As a newly designated member of the Cultural Institution Group, Weeksville will now receive permanent funding from the city
Weeksville, BK Reader
Weeksville Heritage Center in Crown Heights. Photo credit: A. Leonhardt for BK Reader

After weeks of uncertainty about the future of Weeksville Heritage Center, the Department of Cultural Affairs announced on Friday that the Crown Heights institution will be welcomed into the Cultural Institutions Group (CIG), thereby making it a permanent fixture in the city budget.

"Weeksville will become a member of the city's Cultural Institutions Group, guaranteeing ongoing support for this vitally important organization dedicated to preserving and sharing the history of the free African-American community that thrived here," the department stated.

The Department of Cultural Affairs currently provides funding to more than 200 cultural facilities citywide through subsidies and capital funding for renovations.
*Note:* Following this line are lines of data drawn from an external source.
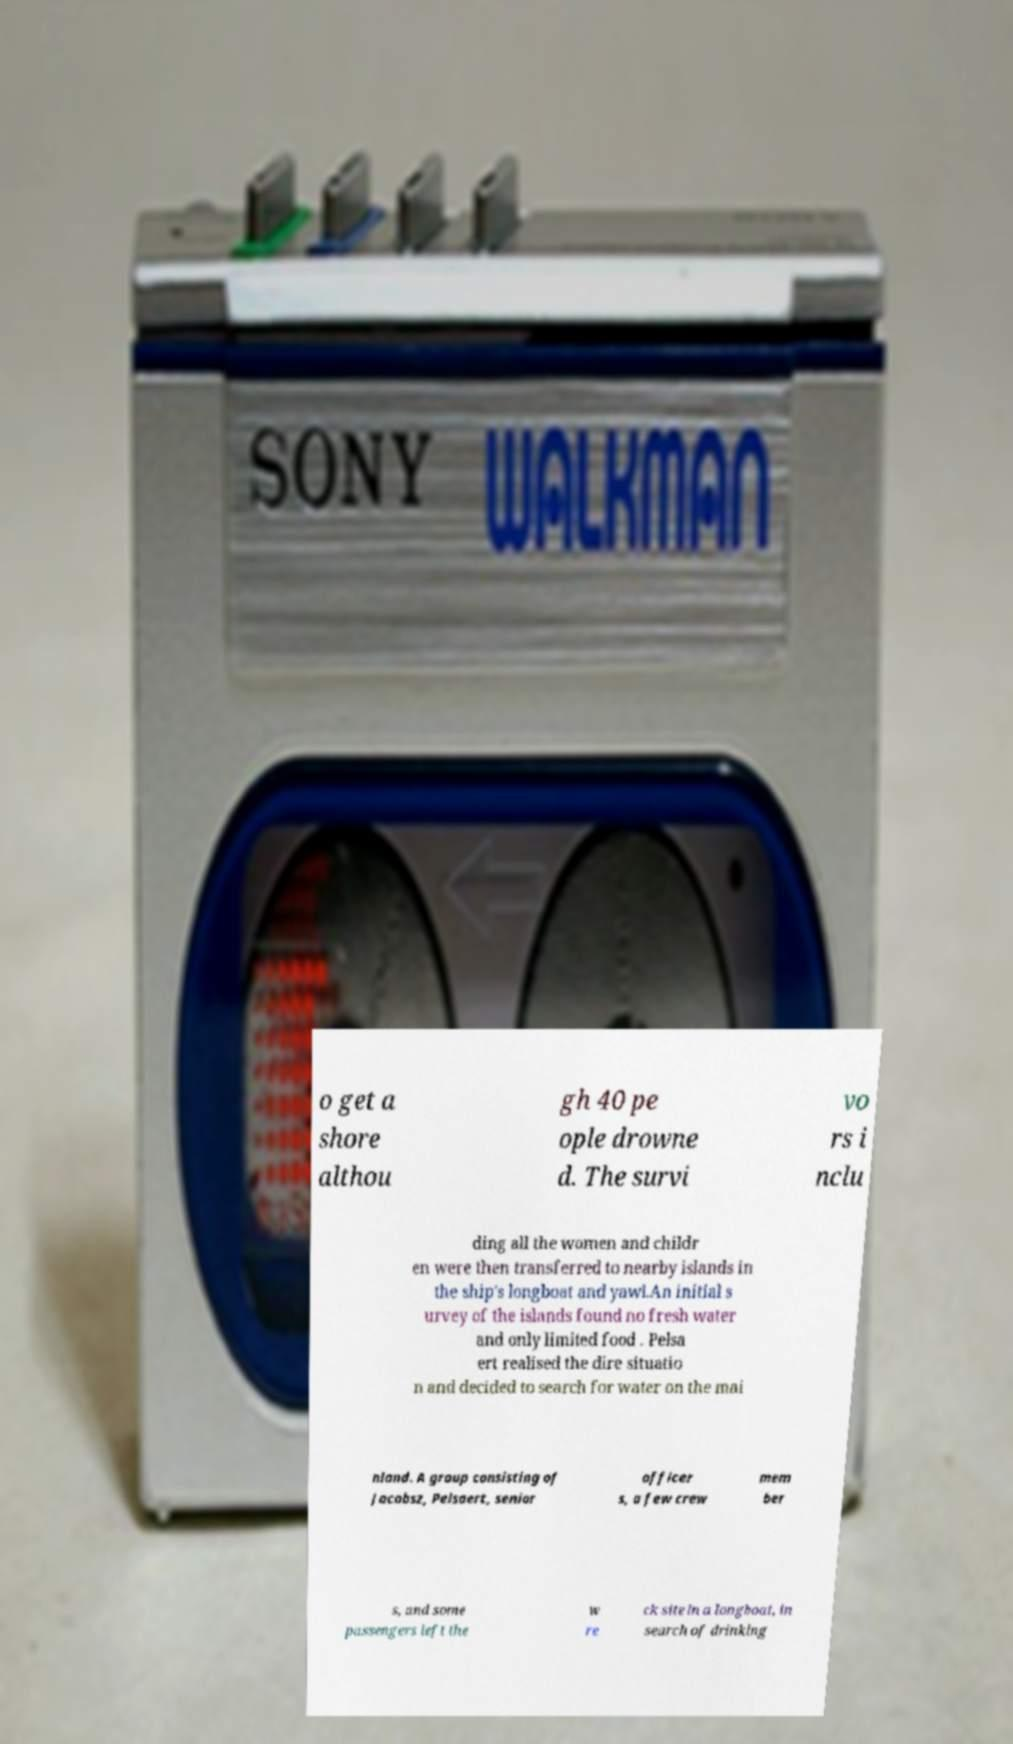Can you accurately transcribe the text from the provided image for me? o get a shore althou gh 40 pe ople drowne d. The survi vo rs i nclu ding all the women and childr en were then transferred to nearby islands in the ship's longboat and yawl.An initial s urvey of the islands found no fresh water and only limited food . Pelsa ert realised the dire situatio n and decided to search for water on the mai nland. A group consisting of Jacobsz, Pelsaert, senior officer s, a few crew mem ber s, and some passengers left the w re ck site in a longboat, in search of drinking 
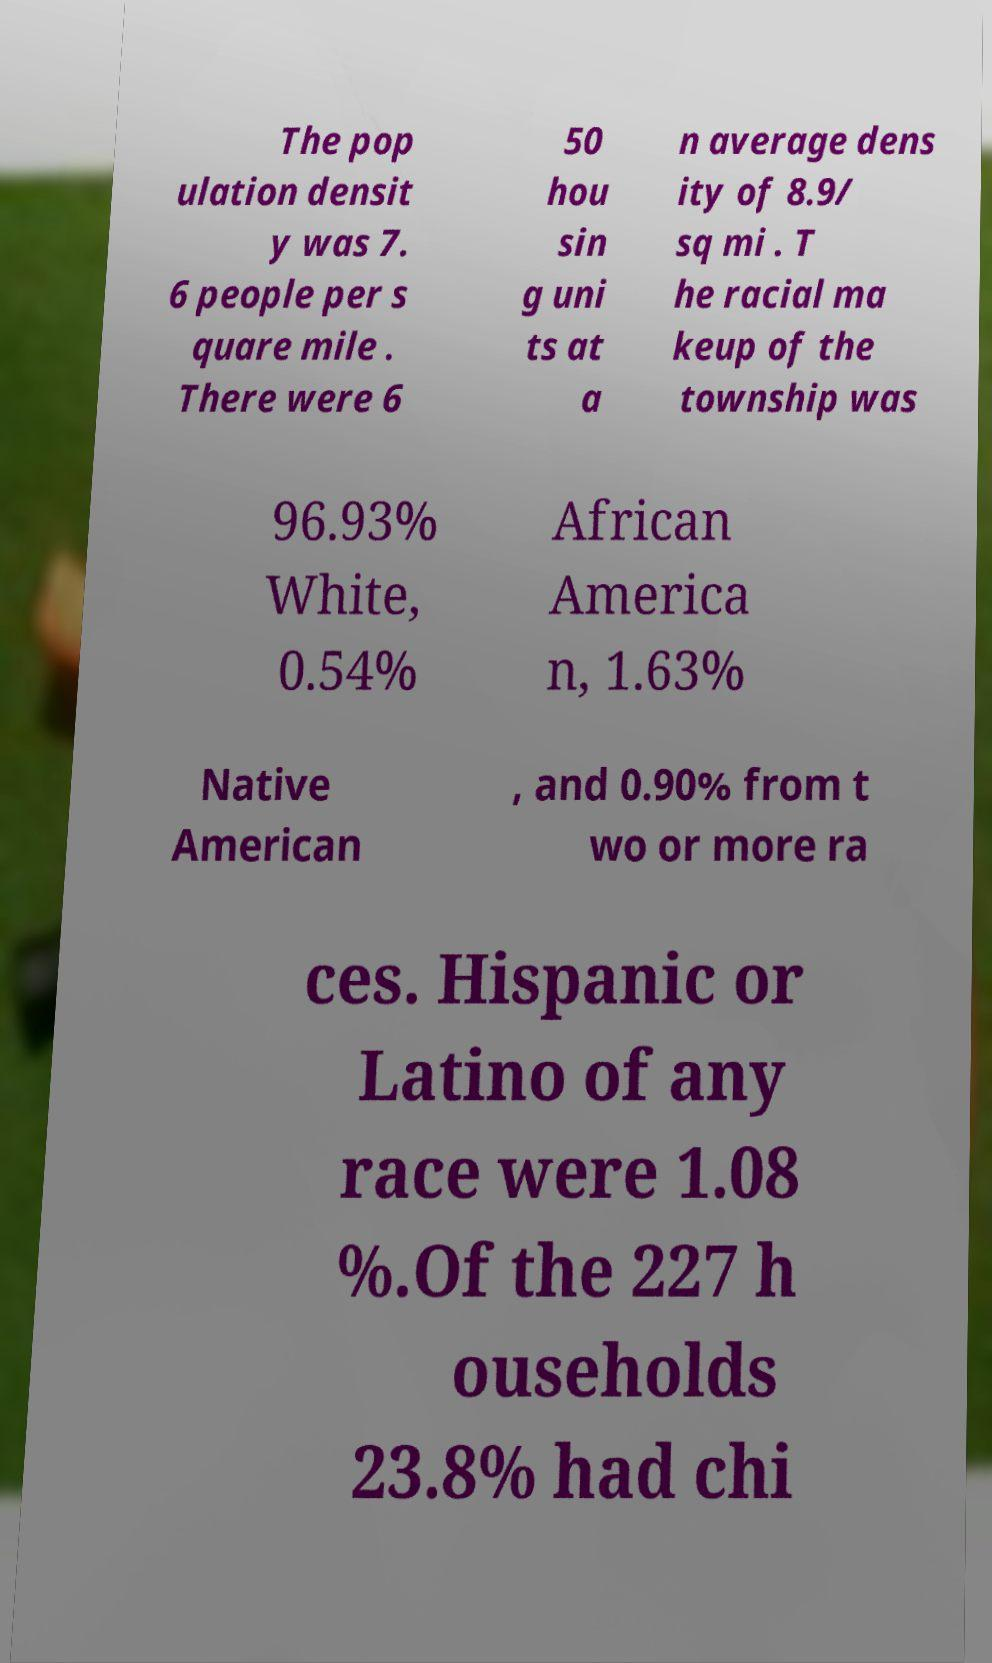Please identify and transcribe the text found in this image. The pop ulation densit y was 7. 6 people per s quare mile . There were 6 50 hou sin g uni ts at a n average dens ity of 8.9/ sq mi . T he racial ma keup of the township was 96.93% White, 0.54% African America n, 1.63% Native American , and 0.90% from t wo or more ra ces. Hispanic or Latino of any race were 1.08 %.Of the 227 h ouseholds 23.8% had chi 
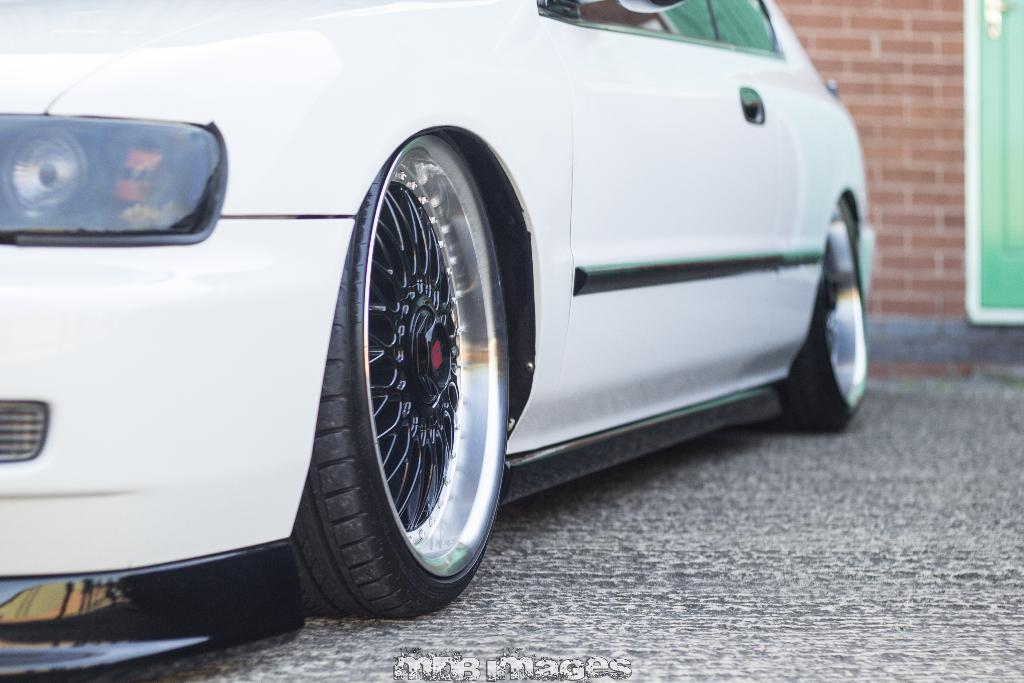What type of vehicle is in the image? There is a white car in the image. What is the car doing in the image? The car is parked. What is the background of the image made of? There is a brick wall in the image. Is there any entrance or exit visible in the image? Yes, there is a door in the image. What type of school can be seen in the image? There is no school present in the image. How many planes are visible in the image? There are no planes visible in the image. What type of health advice can be seen in the image? There is no health advice present in the image. 
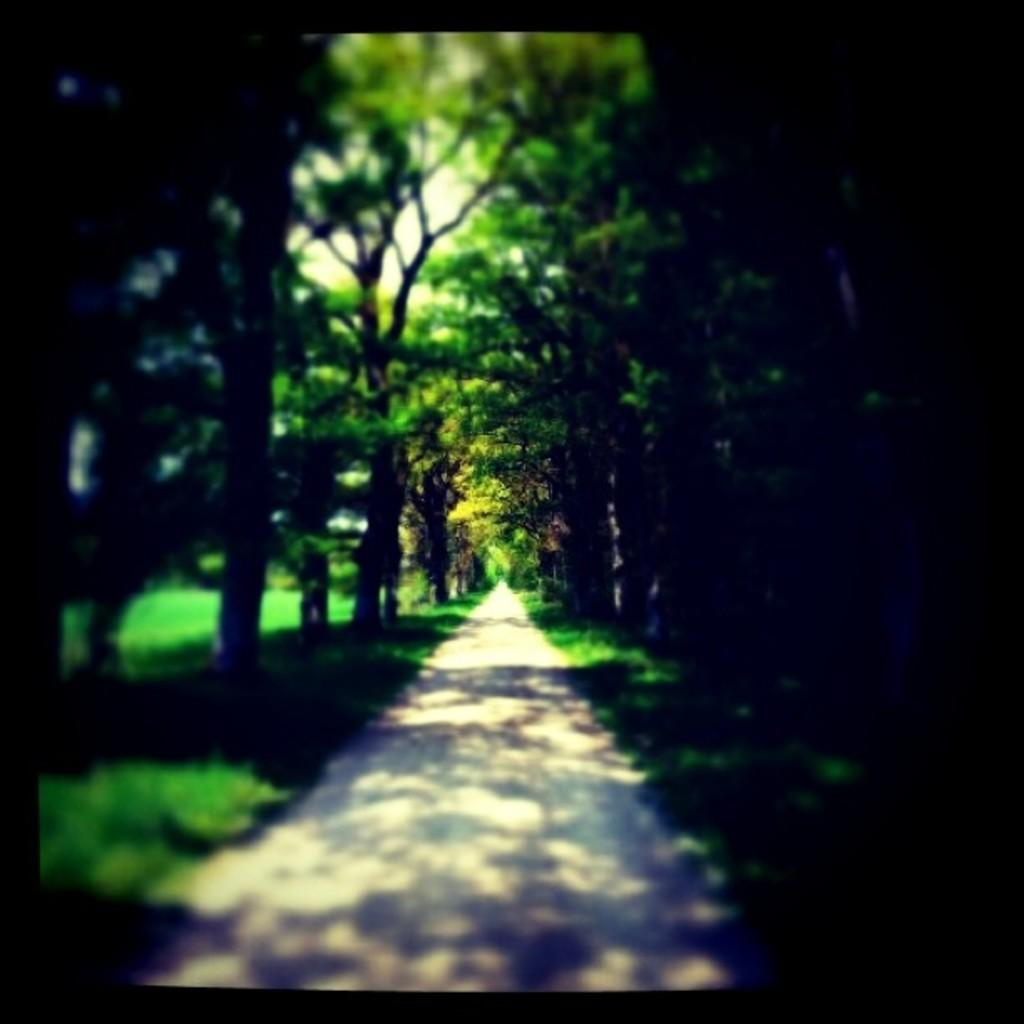What is the main feature of the image? There is a road in the image. Are there any other elements near the road? Yes, there are many trees near the road. What can be seen in the background of the image? The sky is visible in the background of the image. How many jellyfish can be seen swimming in the road in the image? There are no jellyfish present in the image, as it features a road with trees and a visible sky. 
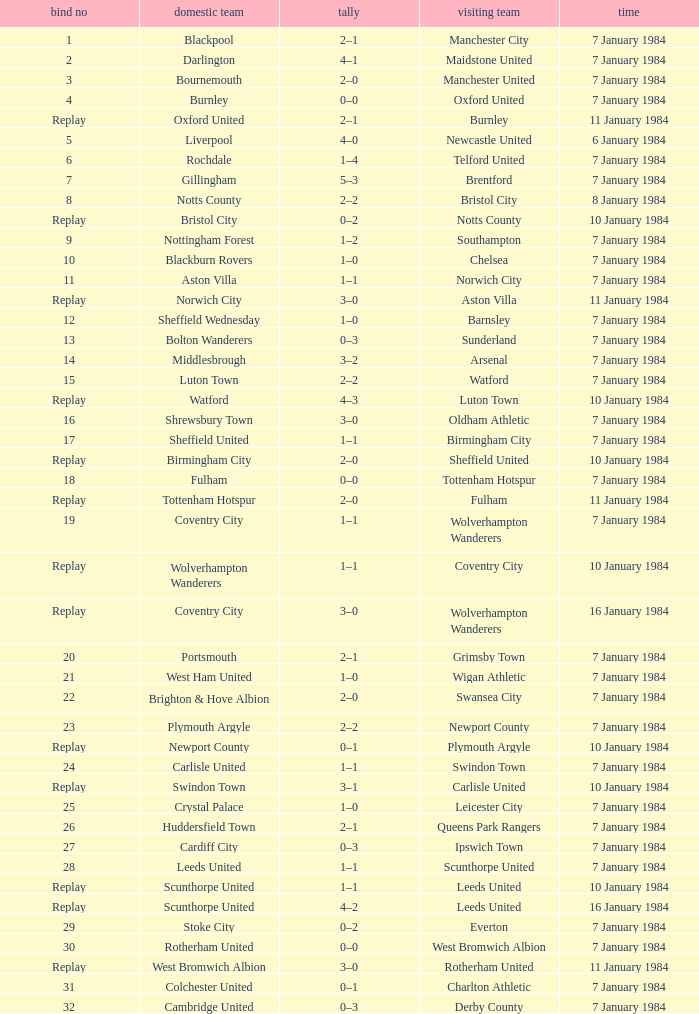Who was the opposing team with a 14-14 tie? Arsenal. 
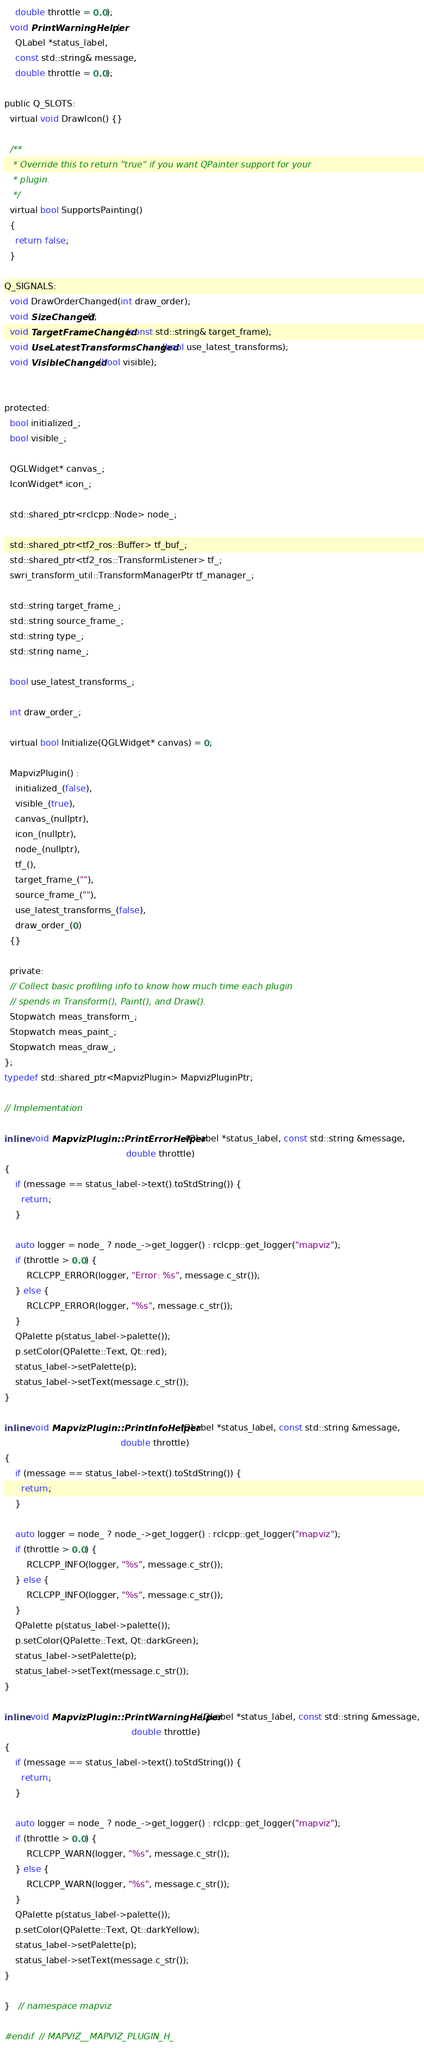<code> <loc_0><loc_0><loc_500><loc_500><_C_>    double throttle = 0.0);
  void PrintWarningHelper(
    QLabel *status_label,
    const std::string& message,
    double throttle = 0.0);

public Q_SLOTS:
  virtual void DrawIcon() {}

  /**
   * Override this to return "true" if you want QPainter support for your
   * plugin.
   */
  virtual bool SupportsPainting()
  {
    return false;
  }

Q_SIGNALS:
  void DrawOrderChanged(int draw_order);
  void SizeChanged();
  void TargetFrameChanged(const std::string& target_frame);
  void UseLatestTransformsChanged(bool use_latest_transforms);
  void VisibleChanged(bool visible);


protected:
  bool initialized_;
  bool visible_;

  QGLWidget* canvas_;
  IconWidget* icon_;

  std::shared_ptr<rclcpp::Node> node_;

  std::shared_ptr<tf2_ros::Buffer> tf_buf_;
  std::shared_ptr<tf2_ros::TransformListener> tf_;
  swri_transform_util::TransformManagerPtr tf_manager_;

  std::string target_frame_;
  std::string source_frame_;
  std::string type_;
  std::string name_;

  bool use_latest_transforms_;

  int draw_order_;

  virtual bool Initialize(QGLWidget* canvas) = 0;

  MapvizPlugin() :
    initialized_(false),
    visible_(true),
    canvas_(nullptr),
    icon_(nullptr),
    node_(nullptr),
    tf_(),
    target_frame_(""),
    source_frame_(""),
    use_latest_transforms_(false),
    draw_order_(0)
  {}

  private:
  // Collect basic profiling info to know how much time each plugin
  // spends in Transform(), Paint(), and Draw().
  Stopwatch meas_transform_;
  Stopwatch meas_paint_;
  Stopwatch meas_draw_;
};
typedef std::shared_ptr<MapvizPlugin> MapvizPluginPtr;

// Implementation

inline void MapvizPlugin::PrintErrorHelper(QLabel *status_label, const std::string &message,
                                            double throttle)
{
    if (message == status_label->text().toStdString()) {
      return;
    }

    auto logger = node_ ? node_->get_logger() : rclcpp::get_logger("mapviz");
    if (throttle > 0.0) {
        RCLCPP_ERROR(logger, "Error: %s", message.c_str());
    } else {
        RCLCPP_ERROR(logger, "%s", message.c_str());
    }
    QPalette p(status_label->palette());
    p.setColor(QPalette::Text, Qt::red);
    status_label->setPalette(p);
    status_label->setText(message.c_str());
}

inline void MapvizPlugin::PrintInfoHelper(QLabel *status_label, const std::string &message,
                                          double throttle)
{
    if (message == status_label->text().toStdString()) {
      return;
    }

    auto logger = node_ ? node_->get_logger() : rclcpp::get_logger("mapviz");
    if (throttle > 0.0) {
        RCLCPP_INFO(logger, "%s", message.c_str());
    } else {
        RCLCPP_INFO(logger, "%s", message.c_str());
    }
    QPalette p(status_label->palette());
    p.setColor(QPalette::Text, Qt::darkGreen);
    status_label->setPalette(p);
    status_label->setText(message.c_str());
}

inline void MapvizPlugin::PrintWarningHelper(QLabel *status_label, const std::string &message,
                                              double throttle)
{
    if (message == status_label->text().toStdString()) {
      return;
    }

    auto logger = node_ ? node_->get_logger() : rclcpp::get_logger("mapviz");
    if (throttle > 0.0) {
        RCLCPP_WARN(logger, "%s", message.c_str());
    } else {
        RCLCPP_WARN(logger, "%s", message.c_str());
    }
    QPalette p(status_label->palette());
    p.setColor(QPalette::Text, Qt::darkYellow);
    status_label->setPalette(p);
    status_label->setText(message.c_str());
}

Thirty-three of these institutions are part of the CIG, a 150-year-old private-partnership of cultural facilities that are permanently included in the city budget to help them meet basic security, maintenance, administration and energy costs.

In Brooklyn, there are currently five member institutions: the Brooklyn Academy of Music, Brooklyn Botanic Garden, the Brooklyn Children's Museum, the Wildlife Conservation Society/ New York Aquarium and the Brooklyn Museum. Weeksville will now join them as the borough's first black CIG.

The multidisciplinary museum in Crown Heights is dedicated to preserving the history of the 19th-century African-American community of Weeksville, the first community established by free black professionals in 1838. Nearly lost in the mid-20th-century, historians uncovered the site's history and established the Weeksville Heritage Center in 1968, which has since kept this historic community's past relevant and resonant for the community beyond Brooklyn's borders.

"Weeksville is sacred African-American ground," said City Council Majority Leader Laurie Cumbo, who gathered supporters of Weeksville at a rally last month to call on the city for help. "For generations, it served as a beacon of hope for those seeking refuge from the vestiges of slavery. Supporting Weeksville as a Cultural Institutions Group is a recognition of African-American longevity and a commitment from the city at large."